====== EXERCISE INPUTS
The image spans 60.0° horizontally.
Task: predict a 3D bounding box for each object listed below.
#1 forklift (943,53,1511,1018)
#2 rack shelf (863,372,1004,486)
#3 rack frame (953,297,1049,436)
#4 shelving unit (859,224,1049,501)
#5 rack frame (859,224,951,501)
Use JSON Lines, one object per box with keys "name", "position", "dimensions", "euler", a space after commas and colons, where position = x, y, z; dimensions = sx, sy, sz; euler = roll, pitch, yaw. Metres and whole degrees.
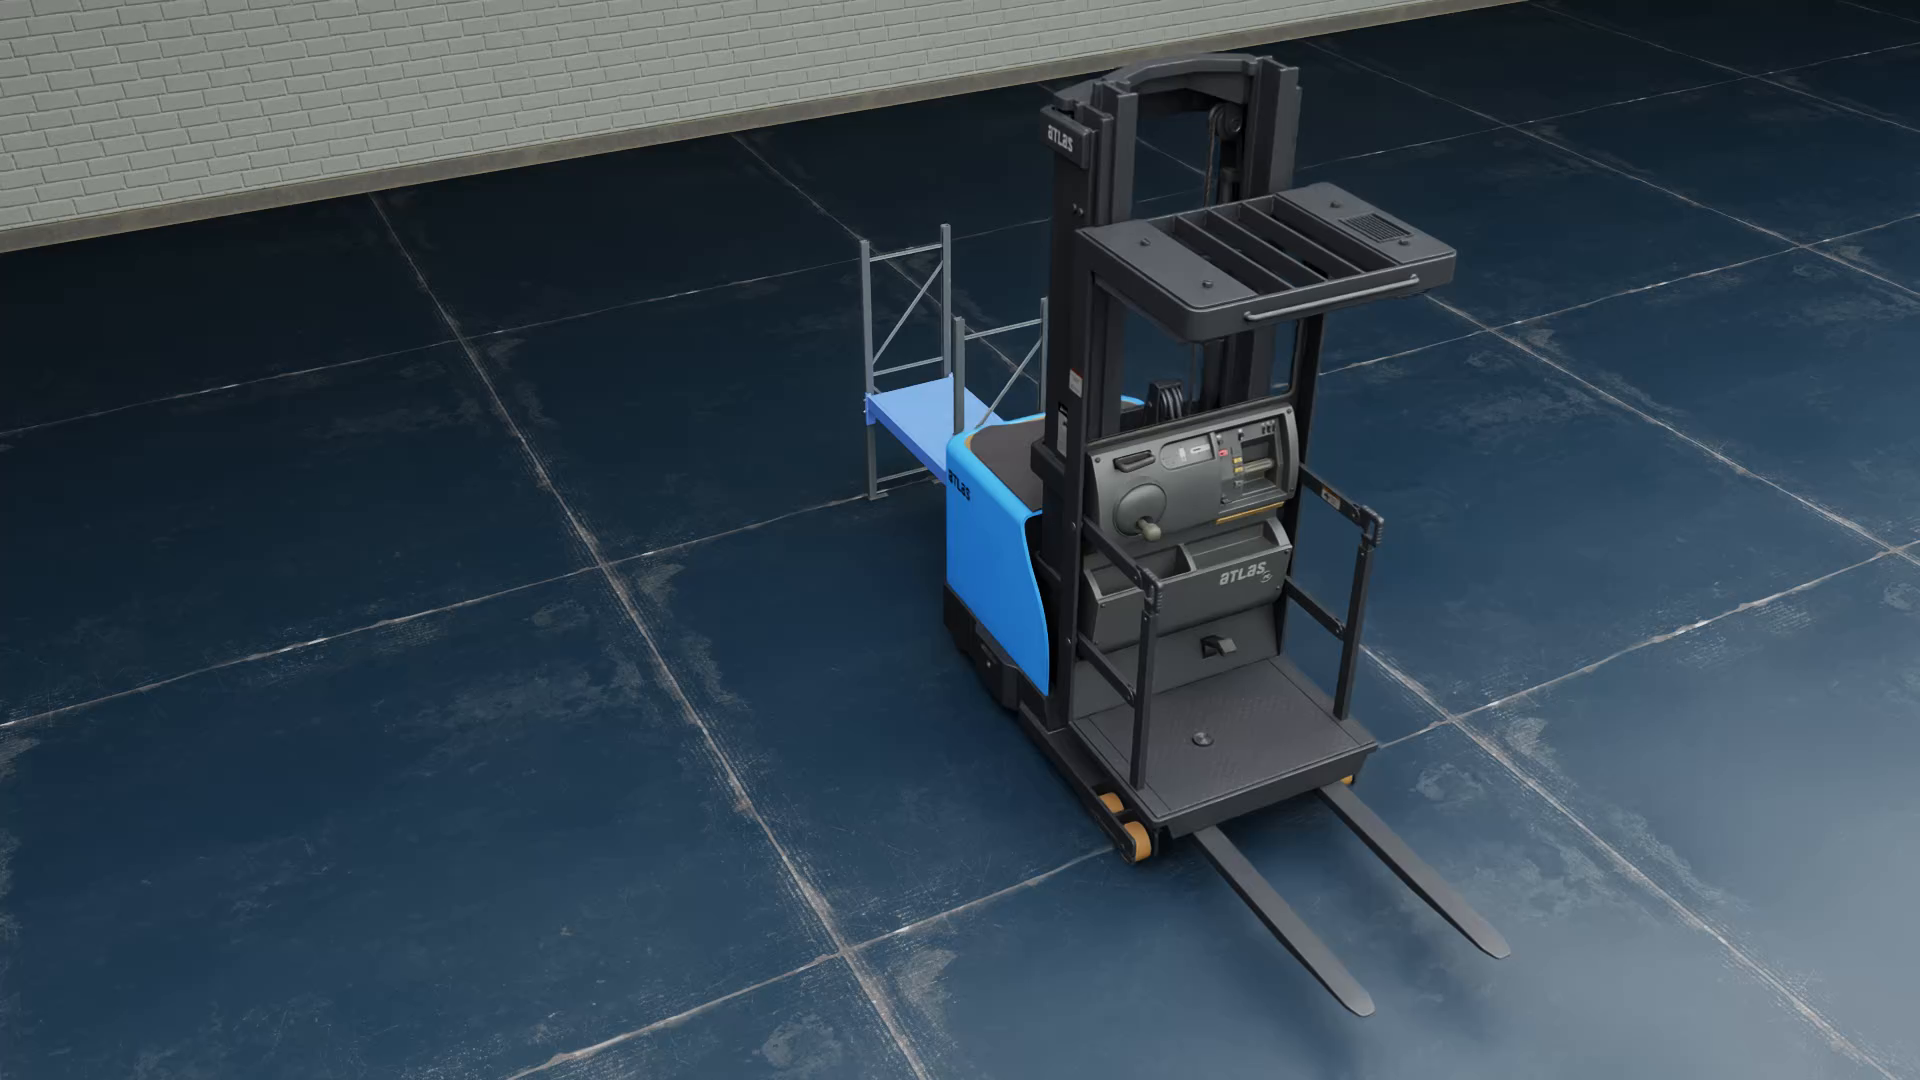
{"name": "forklift", "position": [1.024, -0.206, 6.354], "dimensions": [1.130, 2.935, 3.031], "euler": [-15, 36, -22]}
{"name": "rack shelf", "position": [-0.040, -0.521, 8.506], "dimensions": [0.538, 0.185, 1.000], "euler": [-16, 36, -23]}
{"name": "rack frame", "position": [0.197, -0.430, 8.030], "dimensions": [0.500, 1.500, 0.032], "euler": [-16, 36, -23]}
{"name": "shelving unit", "position": [-0.040, -0.672, 8.409], "dimensions": [0.538, 1.500, 1.048], "euler": [-16, 36, -23]}
{"name": "rack frame", "position": [-0.277, -0.915, 8.788], "dimensions": [0.500, 1.500, 0.032], "euler": [-16, 36, -23]}
============
__WORK TO BE COMPLETED__: All entries should be restated word for word; no images belong in the copy.

__EXERCISE RESPONSE__:
The image spans 60.0° horizontally.
Task: predict a 3D bounding box for each object listed below.
#1 forklift (943,53,1511,1018)
#2 rack shelf (863,372,1004,486)
#3 rack frame (953,297,1049,436)
#4 shelving unit (859,224,1049,501)
#5 rack frame (859,224,951,501)
Use JSON Lines, one object per box with keys "name", "position", "dimensions", "euler", a space after commas and colons, where position = x, y, z; dimensions = sx, sy, sz; euler = roll, pitch, yaw. Metres and whole degrees.
{"name": "forklift", "position": [1.024, -0.206, 6.354], "dimensions": [1.130, 2.935, 3.031], "euler": [-15, 36, -22]}
{"name": "rack shelf", "position": [-0.040, -0.521, 8.506], "dimensions": [0.538, 0.185, 1.000], "euler": [-16, 36, -23]}
{"name": "rack frame", "position": [0.197, -0.430, 8.030], "dimensions": [0.500, 1.500, 0.032], "euler": [-16, 36, -23]}
{"name": "shelving unit", "position": [-0.040, -0.672, 8.409], "dimensions": [0.538, 1.500, 1.048], "euler": [-16, 36, -23]}
{"name": "rack frame", "position": [-0.277, -0.915, 8.788], "dimensions": [0.500, 1.500, 0.032], "euler": [-16, 36, -23]}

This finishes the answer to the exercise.